Show all the lines in the data below that include the word "made".
━━ Working data
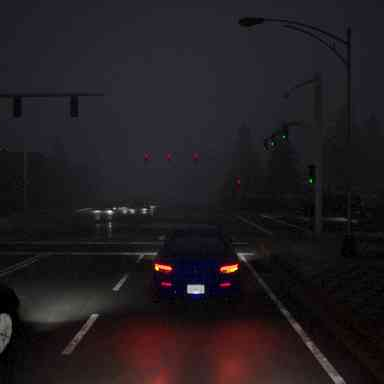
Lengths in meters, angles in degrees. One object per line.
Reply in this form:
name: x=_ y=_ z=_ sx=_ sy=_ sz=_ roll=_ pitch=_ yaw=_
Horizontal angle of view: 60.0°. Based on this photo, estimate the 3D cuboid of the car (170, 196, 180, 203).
car: x=-3.483 y=1.469 z=69.597 sx=1.882 sy=1.535 sz=5.008 roll=0 pitch=0 yaw=0

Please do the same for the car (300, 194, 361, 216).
car: x=13.062 y=1.218 z=31.107 sx=5.566 sy=2.045 sz=2.150 roll=0 pitch=0 yaw=0

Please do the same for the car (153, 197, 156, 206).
car: x=-7.136 y=1.498 z=55.495 sx=1.837 sy=1.490 sz=4.892 roll=0 pitch=0 yaw=0

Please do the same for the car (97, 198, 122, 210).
car: x=-10.645 y=1.521 z=42.293 sx=1.812 sy=1.442 sz=4.674 roll=0 pitch=0 yaw=0

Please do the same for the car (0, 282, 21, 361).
car: x=-3.442 y=1.505 z=2.954 sx=1.837 sy=1.490 sz=4.892 roll=0 pitch=0 yaw=0

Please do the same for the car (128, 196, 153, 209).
car: x=-7.149 y=1.347 z=46.353 sx=2.097 sy=1.767 sz=4.553 roll=0 pitch=0 yaw=0

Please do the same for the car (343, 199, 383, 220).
car: x=15.883 y=1.544 z=27.608 sx=5.357 sy=1.411 sz=2.033 roll=0 pitch=0 yaw=0

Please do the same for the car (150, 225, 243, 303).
car: x=0.130 y=1.525 z=8.088 sx=1.812 sy=1.442 sz=4.674 roll=0 pitch=0 yaw=2

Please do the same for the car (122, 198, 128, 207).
car: x=-10.648 y=1.595 z=51.392 sx=1.895 sy=1.301 sz=4.718 roll=0 pitch=0 yaw=0
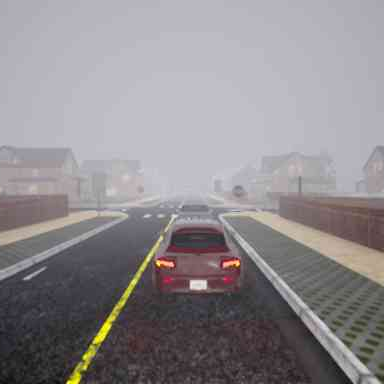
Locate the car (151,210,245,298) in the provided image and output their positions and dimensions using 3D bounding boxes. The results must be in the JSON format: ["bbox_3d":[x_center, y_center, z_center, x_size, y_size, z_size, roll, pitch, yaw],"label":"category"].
[{"bbox_3d":[0.119,1.391,8.016,1.812,1.442,4.674,0,1,0],"label":"car"}]

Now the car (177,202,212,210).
[{"bbox_3d":[0.136,1.256,17.499,2.033,1.411,5.357,0,1,0],"label":"car"}]

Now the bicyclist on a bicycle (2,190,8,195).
[{"bbox_3d":[-20.084,0.614,35.760,0.582,1.620,1.656,0,1,0],"label":"bicyclist on a bicycle"}]
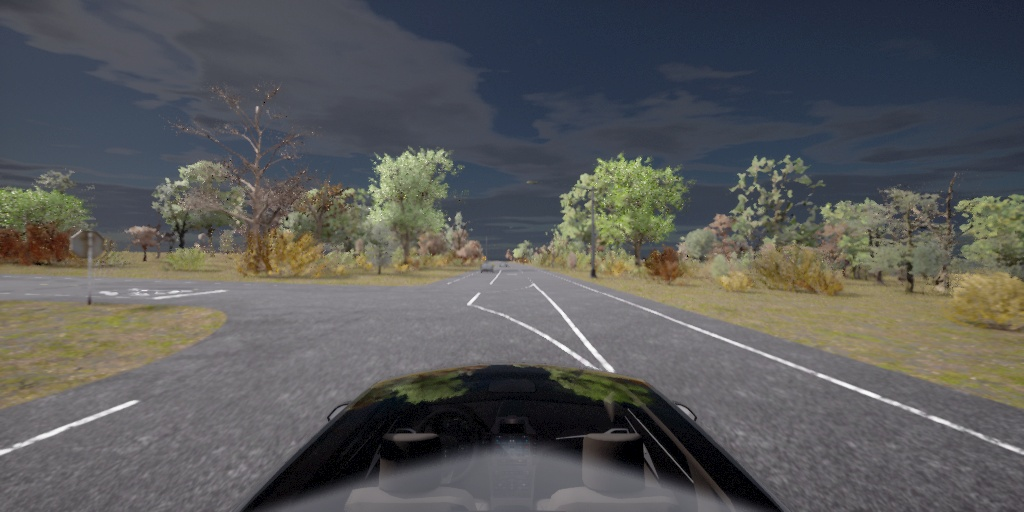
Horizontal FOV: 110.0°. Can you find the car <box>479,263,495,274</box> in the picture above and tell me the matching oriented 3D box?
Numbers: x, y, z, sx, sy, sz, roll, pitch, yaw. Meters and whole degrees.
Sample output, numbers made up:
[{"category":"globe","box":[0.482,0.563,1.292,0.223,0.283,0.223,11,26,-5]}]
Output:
[{"category":"car","box":[-3.613,1.782,52.432,1.837,1.490,4.892,0,-1,-1]}]
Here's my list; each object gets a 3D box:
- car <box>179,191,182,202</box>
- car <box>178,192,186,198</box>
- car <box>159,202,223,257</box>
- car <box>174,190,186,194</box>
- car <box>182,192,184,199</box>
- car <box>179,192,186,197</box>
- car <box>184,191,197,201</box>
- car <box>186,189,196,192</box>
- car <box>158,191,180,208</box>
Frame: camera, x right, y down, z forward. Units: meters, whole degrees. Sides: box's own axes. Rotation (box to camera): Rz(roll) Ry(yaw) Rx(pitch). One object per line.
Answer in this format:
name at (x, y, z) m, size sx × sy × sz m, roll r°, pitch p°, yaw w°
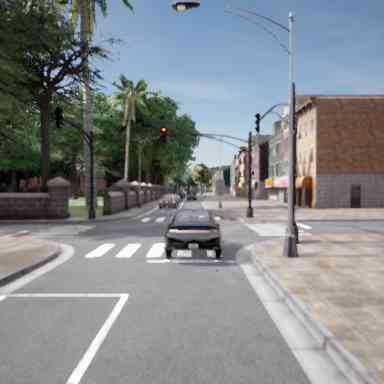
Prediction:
car at (-2.663, 0.970, 42.881) m, size 1.967 × 1.590 × 4.097 m, roll 0°, pitch 1°, yaw 0°
car at (-2.691, 0.735, 88.390) m, size 1.887 × 1.381 × 4.507 m, roll 0°, pitch 0°, yaw 0°
car at (0.058, 1.341, 12.151) m, size 2.128 × 1.511 × 4.902 m, roll 0°, pitch 1°, yaw 0°
car at (-3.019, 0.533, 70.826) m, size 2.150 × 2.045 × 5.566 m, roll 0°, pitch 0°, yaw 0°
car at (-2.671, 1.013, 54.260) m, size 1.802 × 1.307 × 4.206 m, roll 0°, pitch 0°, yaw 0°
car at (-2.694, 0.708, 94.079) m, size 2.008 × 1.369 × 4.403 m, roll -1°, pitch 0°, yaw 0°
car at (0.020, 0.972, 61.812) m, size 1.895 × 1.301 × 4.718 m, roll 0°, pitch 0°, yaw 0°
car at (-0.038, 0.356, 71.750) m, size 2.150 × 2.045 × 5.566 m, roll 0°, pitch 0°, yaw 0°
car at (-2.661, 1.023, 37.193) m, size 1.967 × 1.590 × 4.097 m, roll 0°, pitch 1°, yaw 0°
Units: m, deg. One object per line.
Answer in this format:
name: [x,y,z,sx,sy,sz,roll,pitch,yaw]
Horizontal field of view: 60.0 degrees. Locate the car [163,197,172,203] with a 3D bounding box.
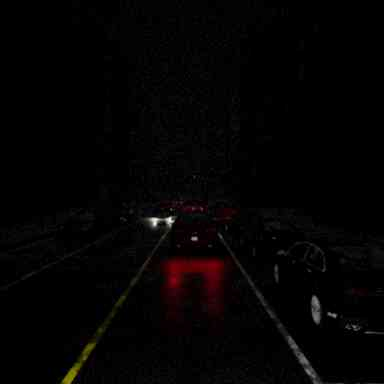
car: [-6.189,2.030,83.886,1.967,1.590,4.097,0,0,-1]

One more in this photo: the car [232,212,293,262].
car: [2.860,1.633,12.297,2.008,1.369,4.403,0,0,0]

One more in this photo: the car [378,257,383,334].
car: [2.859,1.450,1.251,1.967,1.590,4.097,0,0,0]

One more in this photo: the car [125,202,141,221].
car: [-5.664,1.630,28.864,1.967,1.590,4.097,0,0,0]

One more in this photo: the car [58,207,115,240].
car: [-5.665,1.700,17.813,1.802,1.307,4.206,0,0,0]

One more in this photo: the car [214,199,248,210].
car: [2.862,1.470,23.346,2.192,1.841,5.009,0,0,0]

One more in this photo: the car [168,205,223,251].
car: [0.096,1.575,14.740,1.882,1.535,5.008,0,0,0]

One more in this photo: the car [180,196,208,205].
car: [0.103,1.561,31.647,2.097,1.767,4.553,0,0,0]

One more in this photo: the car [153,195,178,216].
car: [-2.996,1.376,36.633,2.150,2.045,5.566,0,0,0]

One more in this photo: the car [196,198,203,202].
car: [2.087,2.265,95.366,1.802,1.307,4.206,0,-1,-1]

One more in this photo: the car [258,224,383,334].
car: [2.860,1.597,6.773,2.008,1.369,4.403,0,0,0]

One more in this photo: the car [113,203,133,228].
car: [-5.665,1.720,23.338,1.947,1.339,4.313,0,0,0]

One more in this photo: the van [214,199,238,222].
van: [2.862,1.532,28.869,1.690,1.788,3.998,0,0,0]

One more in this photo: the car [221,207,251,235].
car: [2.861,1.684,17.820,1.947,1.339,4.313,0,0,0]

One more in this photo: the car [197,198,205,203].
car: [2.334,2.174,84.063,1.802,1.307,4.206,0,0,-1]
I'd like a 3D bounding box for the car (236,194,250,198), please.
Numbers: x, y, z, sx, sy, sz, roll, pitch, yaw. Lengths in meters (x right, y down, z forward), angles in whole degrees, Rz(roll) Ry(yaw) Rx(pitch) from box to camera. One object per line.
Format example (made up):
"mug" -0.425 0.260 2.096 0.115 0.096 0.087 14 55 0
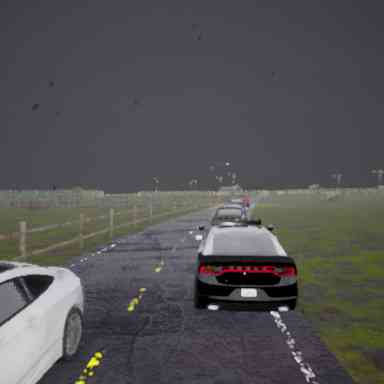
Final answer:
━━━━
Problem solution:
Sample output, numbers made up:
Format example (made up):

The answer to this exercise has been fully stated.